Stop being their maids . Tend to the kids - they are grown ass men . Pick up after yourself and he can learn to do the same .
Why do women keep getting with these guys?? Ladies, stop having babies with boys and wait to find a good man who knows how to be a man…
Not normal. He sounds like a jerk.
How much of the family income do you make? 1/4? 1/3? 1/2?
He needs to suck his ass up and contribute the same amount to the household physically as you do financially. If you’re bringing in 1/3 of the income as well as being a full time parent, then he can do 1/3 of the chores as well as being a full time worker.

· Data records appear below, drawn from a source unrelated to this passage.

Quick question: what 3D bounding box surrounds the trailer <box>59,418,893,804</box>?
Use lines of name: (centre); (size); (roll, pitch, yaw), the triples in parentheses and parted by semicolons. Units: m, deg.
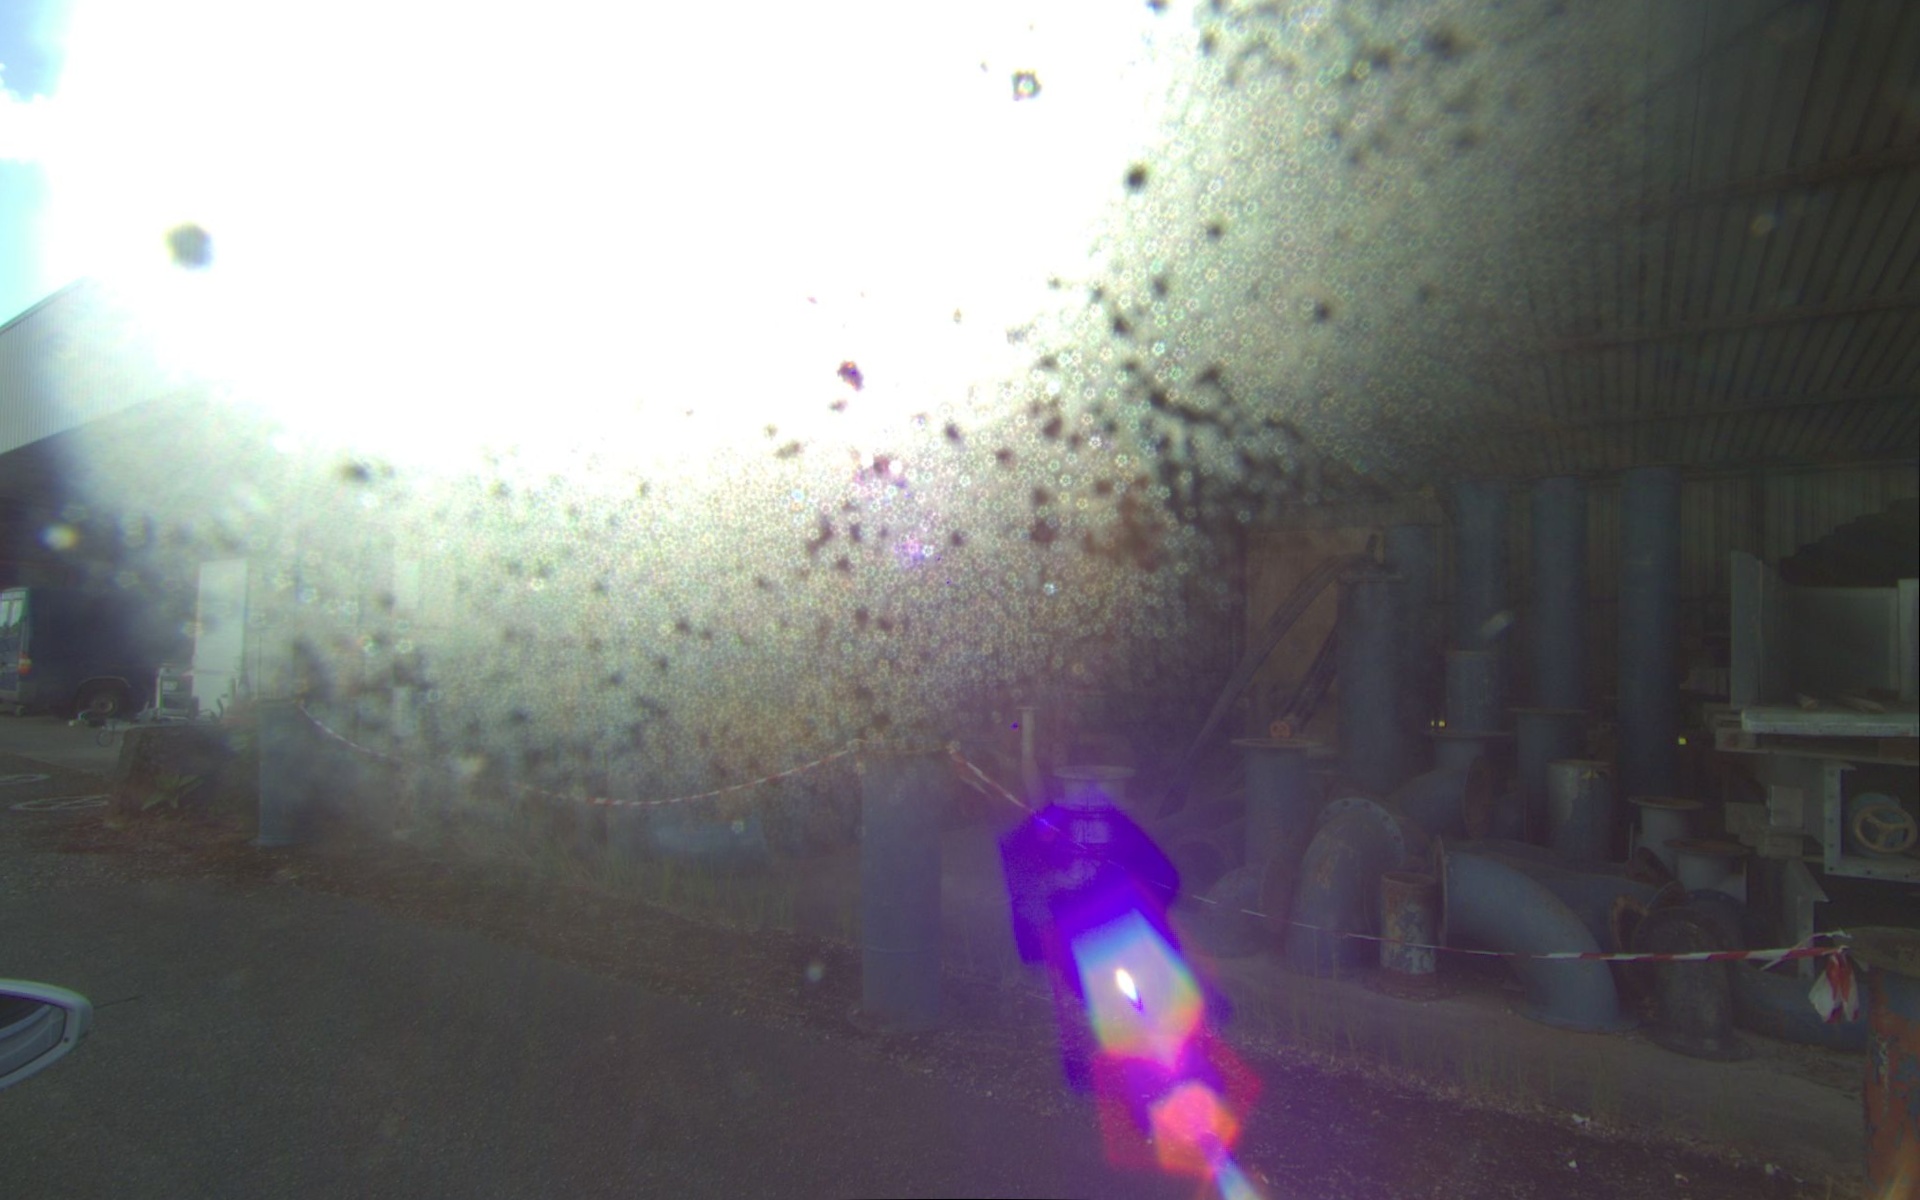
trailer: (-5.063, 0.322, 13.425); (2.814, 3.256, 10.018); (-1, -3, 34)

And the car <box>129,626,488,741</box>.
car: (-9.828, 1.210, 15.488); (1.751, 1.514, 4.324); (-1, -3, 31)

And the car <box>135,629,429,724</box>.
car: (-11.926, 1.304, 17.908); (1.761, 1.491, 3.985); (-1, -3, 29)

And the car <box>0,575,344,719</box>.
car: (-14.776, 0.903, 18.902); (1.973, 2.354, 4.969); (-1, -3, 34)

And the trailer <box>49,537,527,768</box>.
trailer: (-8.381, 0.672, 12.959); (1.804, 2.421, 4.796); (-1, -3, 38)
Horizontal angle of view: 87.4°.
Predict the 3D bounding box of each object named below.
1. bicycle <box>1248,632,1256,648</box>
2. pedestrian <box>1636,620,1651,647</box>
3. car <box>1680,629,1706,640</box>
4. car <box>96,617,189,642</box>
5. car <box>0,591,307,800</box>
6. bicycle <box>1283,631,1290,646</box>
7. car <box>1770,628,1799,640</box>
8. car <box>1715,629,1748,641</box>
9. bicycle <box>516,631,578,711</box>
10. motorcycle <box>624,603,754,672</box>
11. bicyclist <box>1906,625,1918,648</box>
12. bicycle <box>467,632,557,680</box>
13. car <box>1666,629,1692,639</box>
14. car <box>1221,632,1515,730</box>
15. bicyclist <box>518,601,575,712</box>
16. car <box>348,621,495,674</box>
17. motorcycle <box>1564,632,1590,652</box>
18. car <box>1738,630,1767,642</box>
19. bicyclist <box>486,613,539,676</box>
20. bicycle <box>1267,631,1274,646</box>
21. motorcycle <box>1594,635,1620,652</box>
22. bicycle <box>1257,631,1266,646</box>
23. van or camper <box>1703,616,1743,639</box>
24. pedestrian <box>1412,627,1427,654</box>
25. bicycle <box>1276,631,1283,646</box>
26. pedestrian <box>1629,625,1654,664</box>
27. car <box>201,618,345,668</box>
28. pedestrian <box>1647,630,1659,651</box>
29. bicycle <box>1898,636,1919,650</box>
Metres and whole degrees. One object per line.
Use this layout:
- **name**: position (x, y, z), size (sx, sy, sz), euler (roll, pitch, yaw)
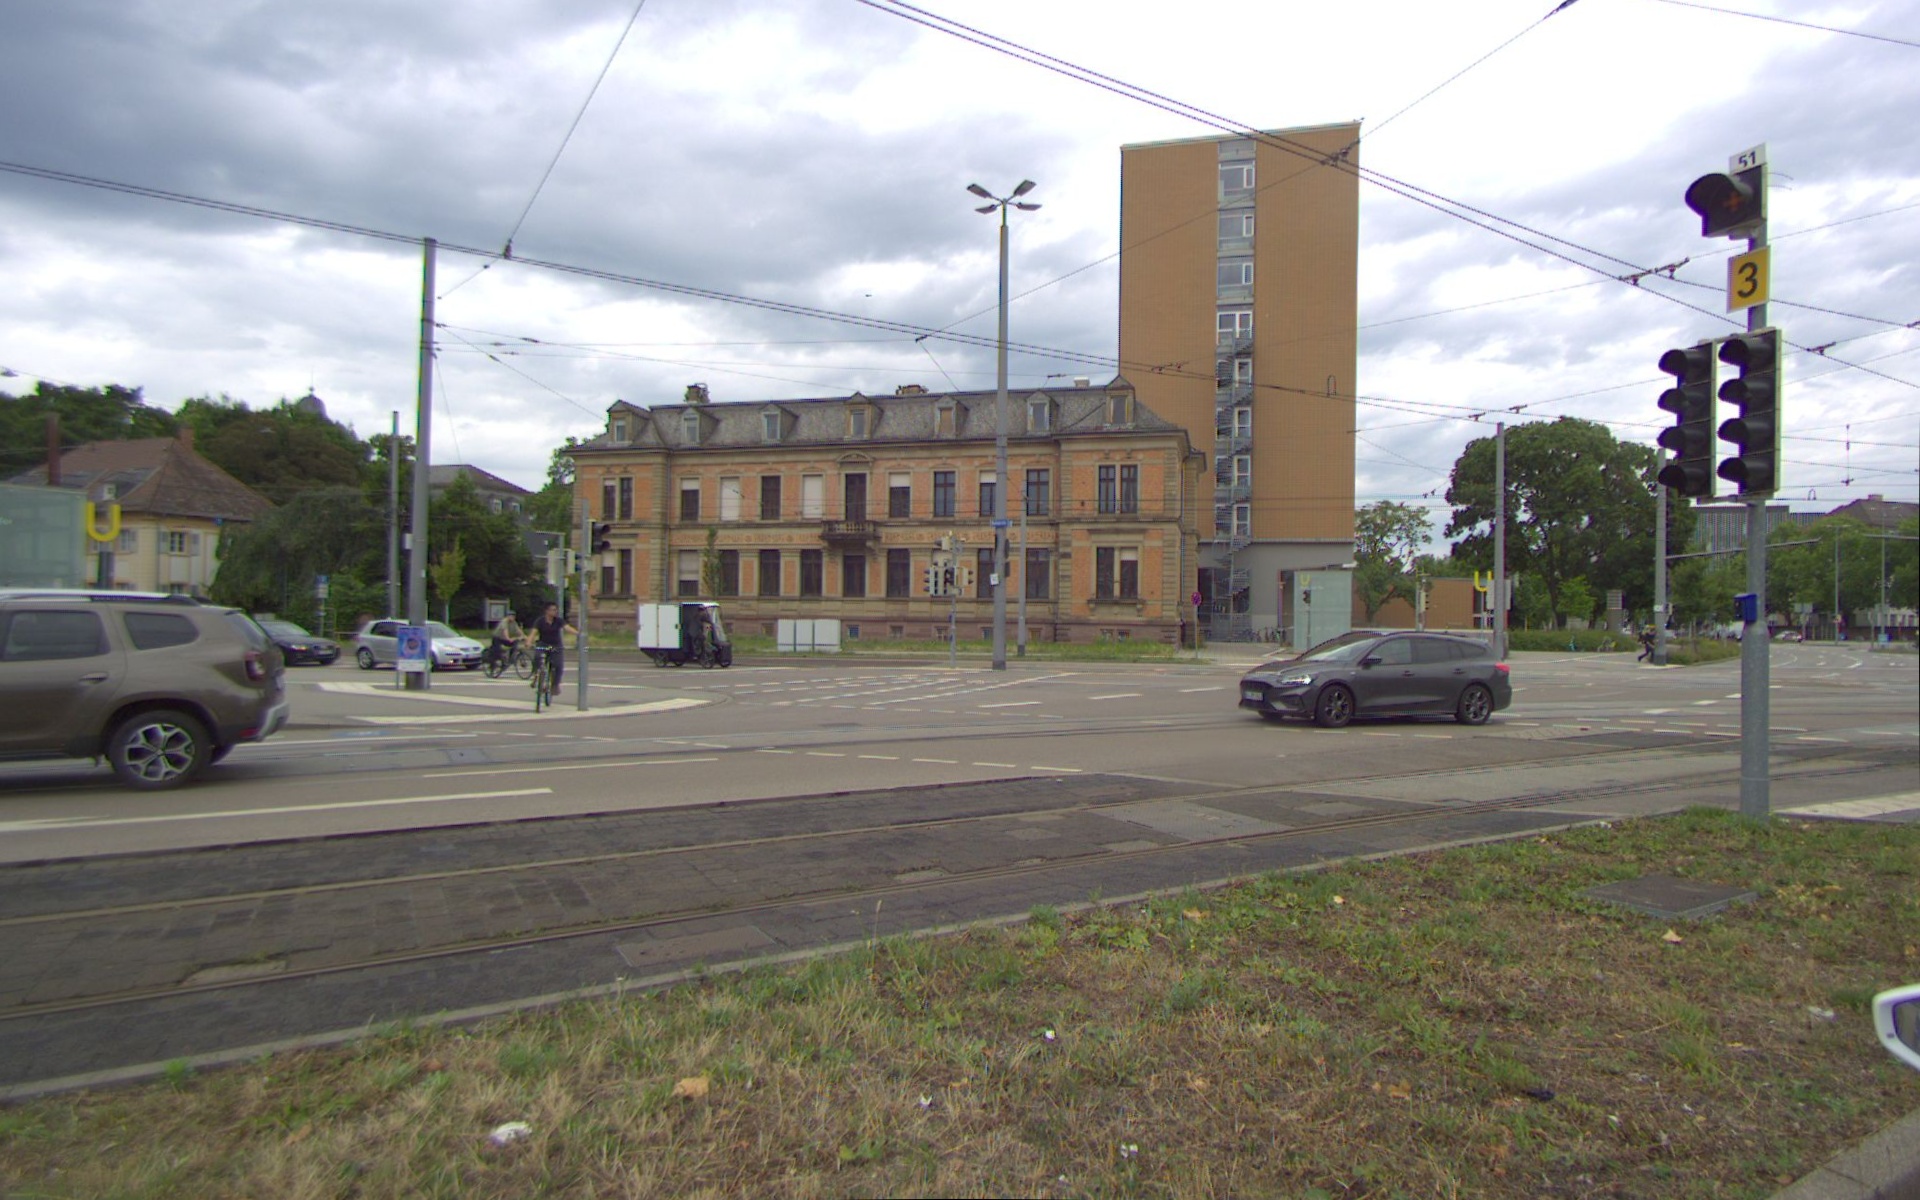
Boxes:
- **bicycle**: position (21.558, 2.942, 74.138), size (0.561, 1.120, 1.428), euler (1, -1, 18)
- **pedestrian**: position (51.808, 2.523, 76.179), size (0.781, 2.007, 0.880), euler (1, -2, 26)
- **car**: position (109.929, 5.107, 150.625), size (1.746, 1.483, 4.002), euler (1, 0, 15)
- **car**: position (-45.029, 1.596, 55.359), size (3.919, 1.305, 1.936), euler (1, -1, 12)
- **car**: position (-8.218, 0.759, 8.655), size (4.179, 1.661, 1.789), euler (2, -1, -30)
- **bicycle**: position (23.895, 2.804, 73.490), size (0.472, 1.063, 1.428), euler (1, -1, 18)
- **car**: position (107.760, 4.421, 131.323), size (1.747, 1.483, 3.999), euler (1, 0, 22)
- **car**: position (94.860, 4.295, 123.604), size (1.746, 1.483, 4.002), euler (1, -1, 14)
- **bicycle**: position (-7.049, 1.169, 17.094), size (0.805, 1.259, 1.986), euler (0, -2, -27)
- **motorcycle**: position (-8.503, 1.136, 31.573), size (3.614, 2.040, 1.696), euler (1, -1, 19)
- **bicyclist**: position (85.748, 3.254, 90.502), size (0.578, 2.040, 0.514), euler (1, -2, 13)
- **bicycle**: position (-11.862, 1.466, 26.604), size (2.154, 1.224, 0.857), euler (0, -2, 20)
- **car**: position (113.896, 5.323, 159.144), size (1.745, 1.483, 4.002), euler (1, 0, 11)
- **car**: position (6.589, 1.260, 16.310), size (4.320, 1.414, 1.693), euler (1, -1, -16)
- **bicyclist**: position (-7.080, 0.938, 17.164), size (0.805, 1.822, 1.022), euler (0, 0, -28)
- **car**: position (-16.217, 1.382, 30.255), size (4.081, 1.473, 1.761), euler (0, -1, 23)
- **motorcycle**: position (41.585, 2.823, 67.719), size (1.443, 1.285, 0.512), euler (1, -1, 14)
- **car**: position (110.856, 4.986, 140.538), size (1.745, 1.483, 4.002), euler (1, 0, 13)
- **bicyclist**: position (-11.851, 1.167, 26.611), size (0.899, 1.644, 0.855), euler (0, -1, 20)
- **bicycle**: position (22.826, 2.828, 73.773), size (0.500, 1.063, 1.428), euler (1, -1, 18)
- **motorcycle**: position (43.689, 2.965, 67.845), size (1.716, 1.126, 0.510), euler (1, -1, -17)
- **bicycle**: position (22.202, 2.819, 73.972), size (0.561, 1.120, 1.428), euler (1, -1, 18)
- **van or camper**: position (108.259, 3.878, 142.521), size (2.347, 3.165, 5.507), euler (1, -1, 12)
- **pedestrian**: position (23.096, 2.032, 50.450), size (0.562, 1.353, 0.499), euler (1, -1, 10)
- **bicycle**: position (23.400, 2.813, 73.649), size (0.472, 1.063, 1.428), euler (1, -1, 18)
- **pedestrian**: position (36.362, 2.367, 53.584), size (1.009, 2.040, 0.842), euler (0, -1, 41)
- **car**: position (-22.038, 1.353, 32.234), size (4.061, 1.468, 1.697), euler (1, -1, 18)
- **pedestrian**: position (65.503, 3.831, 94.945), size (0.868, 2.007, 0.792), euler (0, -2, 42)
- **bicycle**: position (85.690, 3.863, 90.502), size (1.791, 1.252, 0.435), euler (1, -2, 14)

Let him think about this: you already look after the kids full time. You already work full time. You already take care of your own education. What do you need him for? Money? Money means nothing when we’re all in the ground so tell him to pull his socks up or take a hike and you’ll find someone who wants to be a partner and not a micro dicktator.
I think you’re confusing normal with normalized. Though I’d suggest waiting until you’ve finished your studies, before leaving. No doubt he’ll try and screw you financially. He sees no monetary value in what you do in thee home, so it won’t ever get better.
He sounds like a douchebag
Kinda sounds like he may be a little jelly or intimated by you. You are working full time, and getting a MASTERS degree while doing all of the cleaning amd cooking like a boss!
I just left my current relationship for the same reasons. I worked full time and raise the kids managed the hous etc. I rather do it alone. It’s not selfish to leave and want better for yourself and your kiddos. We need to stop accepting the bare minimum and running ourselves down.
I was on his side until you said you work too. Things should be split right in half at that point. If he can’t change his way of thinking, you need to change your situation…
You need to leave! He’s not gonna stop this. You’re gonna be doing it yourself for the rest of y’all’s marriage if you stay!